(TASK REQUIREMENTS)
Report how many lines in the following entries contain "below". Nothing else should be given.

+++ SOURCE MATERIAL

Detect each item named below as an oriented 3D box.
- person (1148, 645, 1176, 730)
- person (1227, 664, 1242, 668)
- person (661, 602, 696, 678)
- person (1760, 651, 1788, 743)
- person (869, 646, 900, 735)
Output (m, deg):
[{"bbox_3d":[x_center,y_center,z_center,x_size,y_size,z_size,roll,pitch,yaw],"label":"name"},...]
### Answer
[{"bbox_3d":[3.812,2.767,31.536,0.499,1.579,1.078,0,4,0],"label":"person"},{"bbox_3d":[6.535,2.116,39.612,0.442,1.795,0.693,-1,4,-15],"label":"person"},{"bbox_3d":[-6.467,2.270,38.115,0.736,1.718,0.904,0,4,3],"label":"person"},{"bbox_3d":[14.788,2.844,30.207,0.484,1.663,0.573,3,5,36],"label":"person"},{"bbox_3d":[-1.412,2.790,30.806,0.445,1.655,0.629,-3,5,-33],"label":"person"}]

++++++
+++ SOURCE MATERIAL

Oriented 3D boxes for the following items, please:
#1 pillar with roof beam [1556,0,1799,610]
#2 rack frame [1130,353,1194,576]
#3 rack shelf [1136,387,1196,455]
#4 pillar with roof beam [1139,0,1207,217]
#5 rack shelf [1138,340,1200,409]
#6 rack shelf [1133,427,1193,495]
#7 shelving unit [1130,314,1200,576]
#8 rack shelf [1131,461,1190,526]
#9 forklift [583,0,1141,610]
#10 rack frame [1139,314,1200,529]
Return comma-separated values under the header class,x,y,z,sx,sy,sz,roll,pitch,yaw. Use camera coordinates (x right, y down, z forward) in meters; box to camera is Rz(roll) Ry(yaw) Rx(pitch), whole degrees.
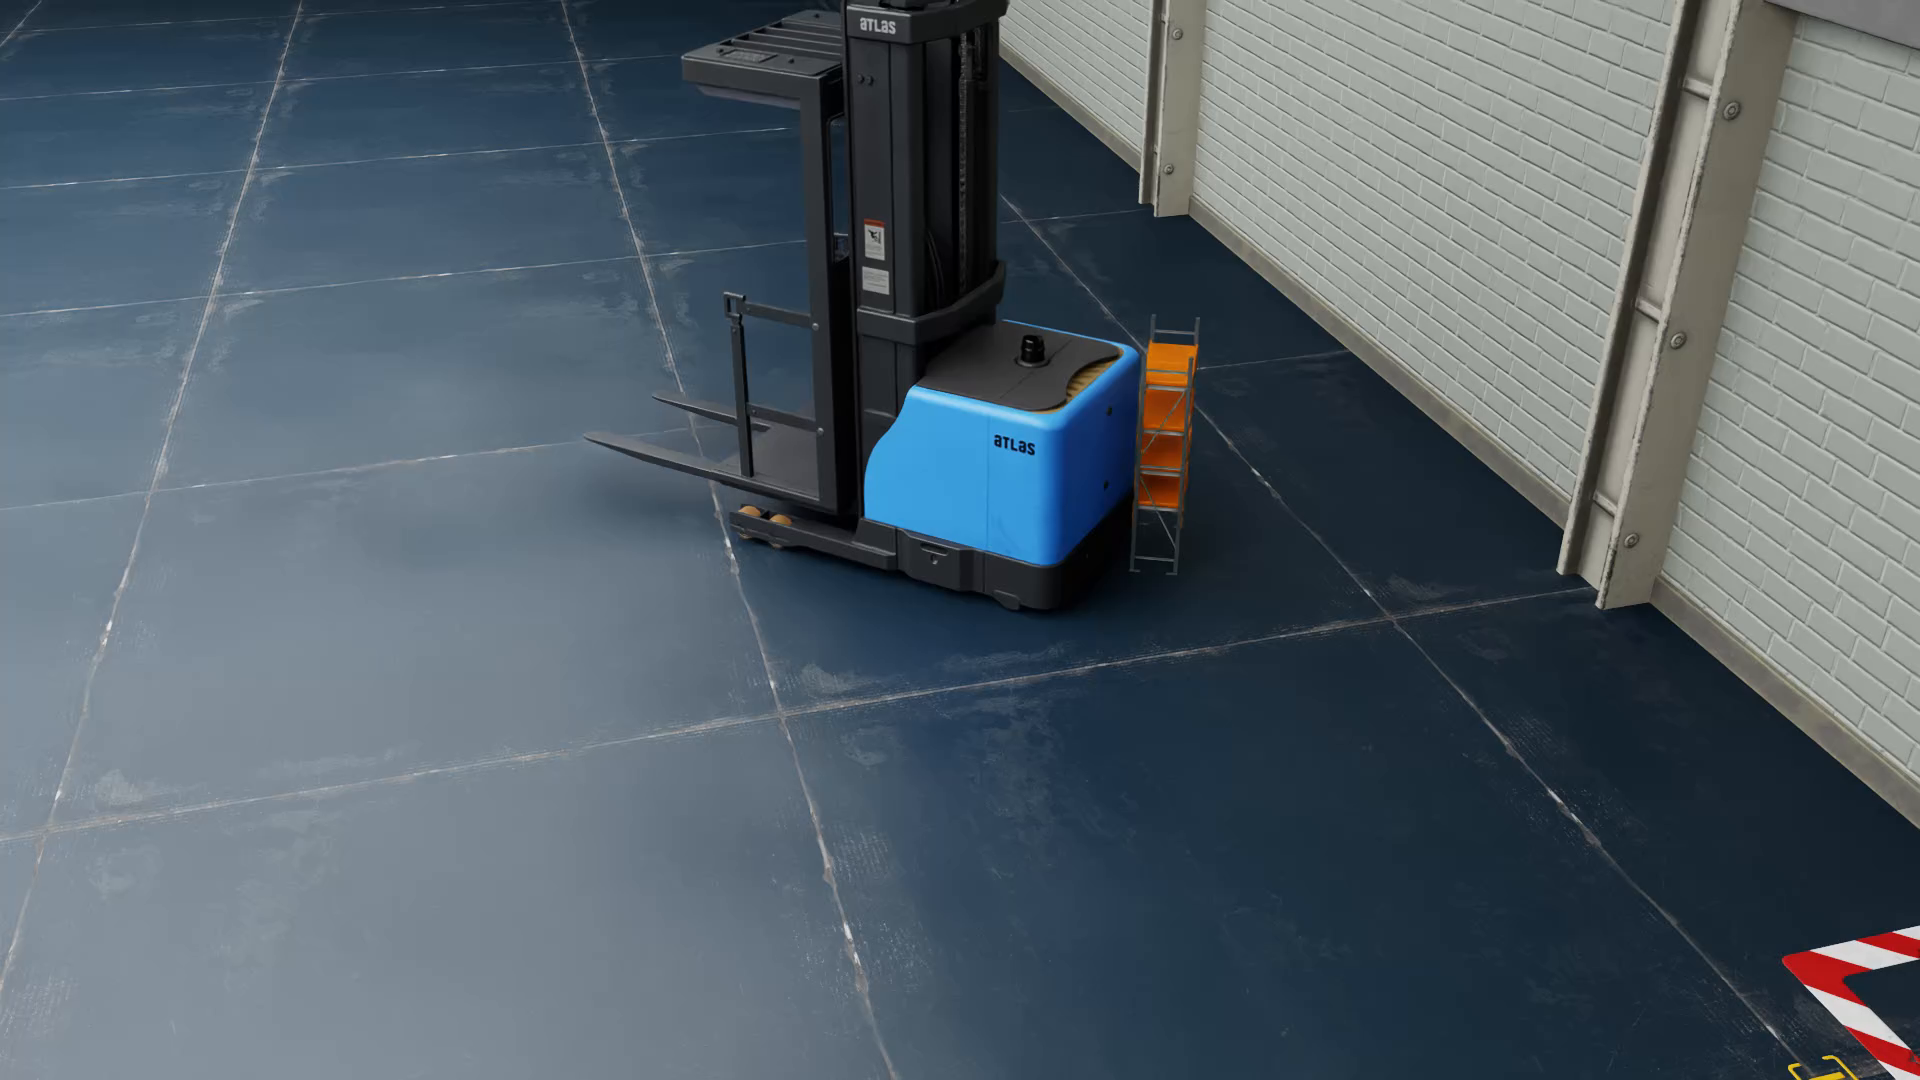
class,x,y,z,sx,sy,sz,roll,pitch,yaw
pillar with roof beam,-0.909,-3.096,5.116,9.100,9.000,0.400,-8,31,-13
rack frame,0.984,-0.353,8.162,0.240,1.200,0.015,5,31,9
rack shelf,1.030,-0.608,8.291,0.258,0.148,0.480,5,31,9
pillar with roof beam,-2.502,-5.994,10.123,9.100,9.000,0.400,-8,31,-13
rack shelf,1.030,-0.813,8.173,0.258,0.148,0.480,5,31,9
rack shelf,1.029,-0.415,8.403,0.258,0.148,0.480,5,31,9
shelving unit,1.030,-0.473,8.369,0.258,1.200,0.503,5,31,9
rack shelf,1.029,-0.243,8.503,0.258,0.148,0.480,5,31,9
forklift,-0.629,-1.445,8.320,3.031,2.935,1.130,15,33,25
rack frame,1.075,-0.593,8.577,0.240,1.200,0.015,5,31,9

++++++
+++ SOURCE MATERIAL

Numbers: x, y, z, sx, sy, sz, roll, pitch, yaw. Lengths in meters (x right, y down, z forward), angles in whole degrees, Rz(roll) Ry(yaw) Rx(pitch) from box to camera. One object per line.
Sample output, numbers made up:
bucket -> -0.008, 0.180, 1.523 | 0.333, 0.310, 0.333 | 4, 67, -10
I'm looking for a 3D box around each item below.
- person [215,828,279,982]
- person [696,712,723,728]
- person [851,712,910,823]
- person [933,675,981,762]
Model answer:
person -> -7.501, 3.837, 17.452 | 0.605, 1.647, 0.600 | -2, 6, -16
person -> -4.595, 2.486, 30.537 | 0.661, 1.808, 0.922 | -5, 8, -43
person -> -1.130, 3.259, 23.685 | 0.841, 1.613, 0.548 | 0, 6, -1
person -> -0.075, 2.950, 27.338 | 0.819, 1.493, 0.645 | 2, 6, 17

++++++

(EXERCISE OUTPUT)
2